The ruling lays out three potential frameworks for compensating utilities if BTM costs are recoverable:

  • Option 1: Treating BTM expenditures as expenses amortized over time with a carrying cost equal to the utility's authorized cost of debt (currently 5.04% for PG&E, 5.02% for SoCalGas, and 4.59% for SDG&E per a 2025 decision, D.25-12-043).
  • Option 2: Granting regulatory asset treatment with a hybrid rate of return set at the midpoint between the utility's cost of long-term debt and its authorized capital rate of return, resulting in 6.325% for PG&E, 6.27% for SoCalGas, and 6.00% for SDG&E, compared to their full capital returns of 7.61%, 7.52%, and 7.41% respectively. BTM assets under this option would be amortized over a shorter period and depreciate faster than traditional gas capital assets.
  • Option 3: Combining cost-of-debt recovery with a performance-based shareholder incentive tied to measurable outcomes (infrastructure retirement, customer conversions, and budget adherence). Under this model, utilities could earn up to 25% of net system cost savings, adjusted by a tiered performance multiplier, while the remaining benefits flow to ratepayers. The ruling illustrates the concept with a scenario producing $30 million in net savings and a mid-tier performance score, yielding a $3.75 million shareholder reward.

Comments are due March 27, and replies are due April 3.

INSTANT ANALYSIS: This ruling shifts the proceeding into financial design territory. The question is no longer whether pilots happen, but how utilities get paid, and the statutory tension between 663(b)(8) and 663(b)(9) is the fulcrum. Capital-style returns for BTM expenditures are almost certainly off the table given the explicit statutory prohibition. The real debate is between straight cost-of-debt recovery and performance-based incentives. Option 3 stands out; the ALJ devoted the most detailed treatment to it, building out a full formula and worked example, which suggests where the Commission's analytical thinking may be heading.

For utilities, the spread between cost-of-debt (approximately 5%) and the Option 2 hybrid (approximately 6% to 6.3%) represents the financial stakes of this design choice. For ratepayer advocates, the question is whether any return above cost of debt is justified for assets the utility will not own or maintain.


NATURAL GAS DISTRIBUTION INTEGRITY

A new ruling in SoCalGas's Distribution Integrity Management Program Balancing Account (DIMPBA) proceeding finds that Cal Advocates' testimony is internally inconsistent and requires clarification before the proceeding can move forward.

The ruling identifies major discrepancies in Cal Advocates' testimony, including conflicting recommendations on how much of SoCalGas' requested costs should be disallowed and unclear calculations underlying those figures. The ruling also notes SoCalGas's allegation that Cal Advocates recommended disallowing capital revenue requirements already approved by Resolution G-3610.

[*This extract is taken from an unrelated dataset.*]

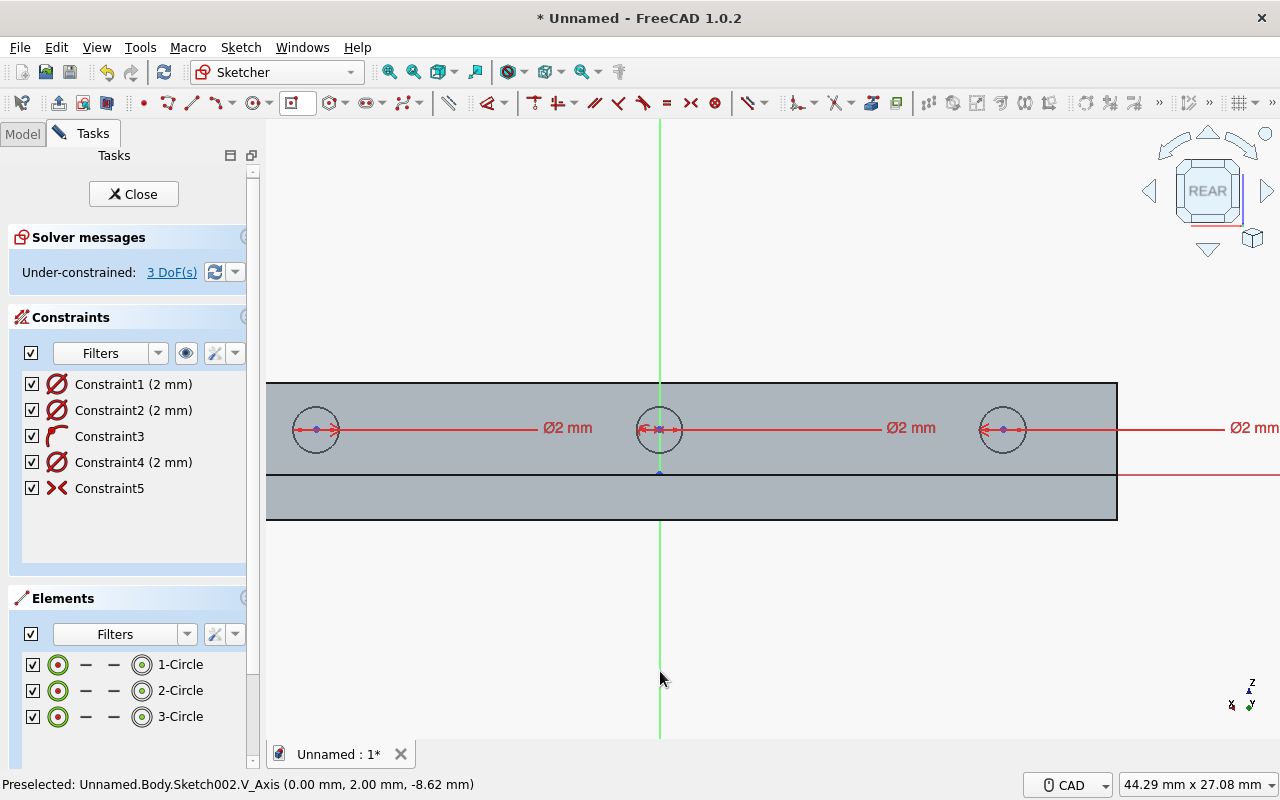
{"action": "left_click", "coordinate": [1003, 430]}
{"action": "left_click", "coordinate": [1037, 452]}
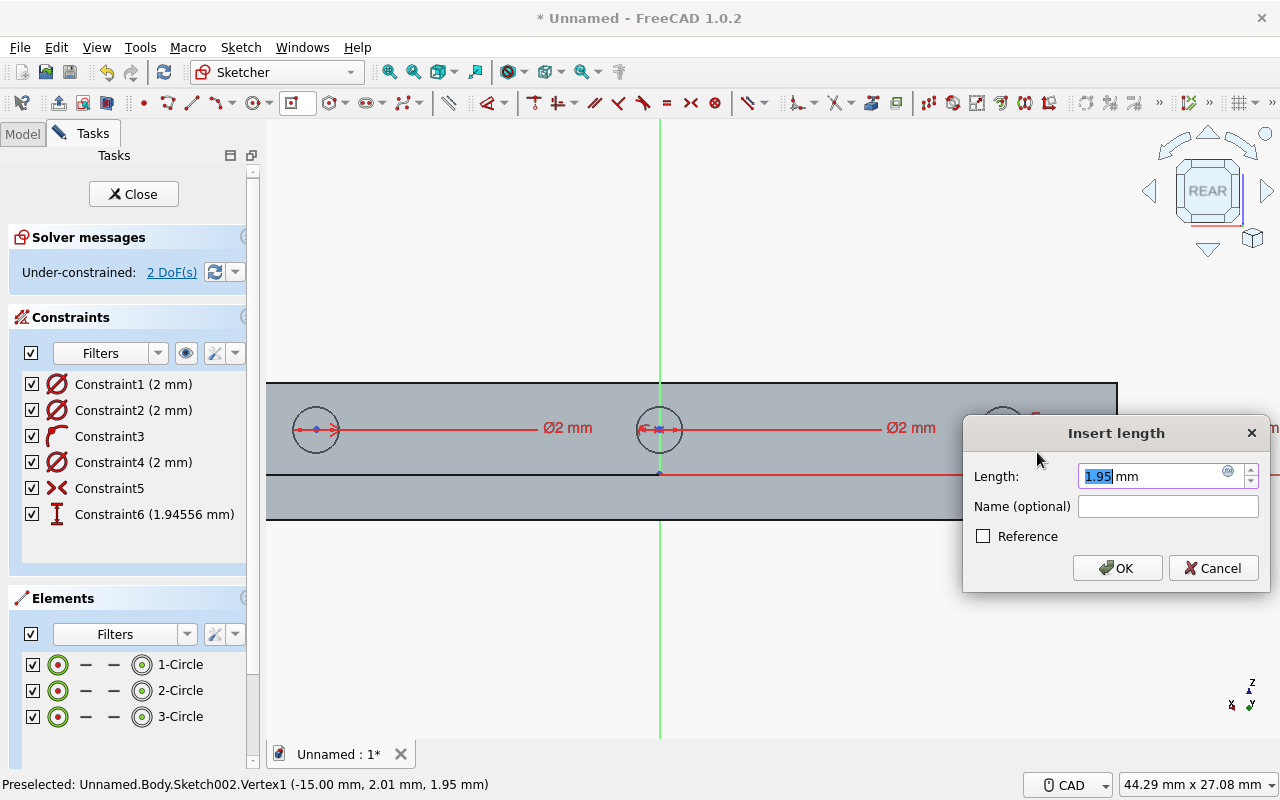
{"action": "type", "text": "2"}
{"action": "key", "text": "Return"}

In response, the ruling directs Cal Advocates to submit supplemental testimony clearly explaining what portion of SoCalGas' requested DIMP costs should be deemed unreasonable and how prior CPUC approvals factor into that assessment. Cal Advocates must serve supplemental testimony by April 17, with supplemental rebuttal testimony to follow by May 18.

The ruling also modifies the proceeding schedule, establishing a meet-and-confer deadline of May 28, a joint case management statement due June 1, a potential evidentiary hearing window in July 2026, and briefing through September 2026. The joint case management statement must address whether parties will stipulate to the scoped issues and whether an evidentiary hearing is necessary.

INSTANT ANALYSIS: The ALJ is forcing Cal Advocates to fix inconsistent testimony, which weakens their current position but gives them a chance to reframe the case. SoCalGas gains near-term breathing room, as the Commission is not relying on the existing disallowance claims. The real issue is whether prior approvals of DIMP costs (particularly those under Resolution G-3610) hold. If they do, SoCalGas is in a strong position. If not, a meaningful reduction in recovery remains in play.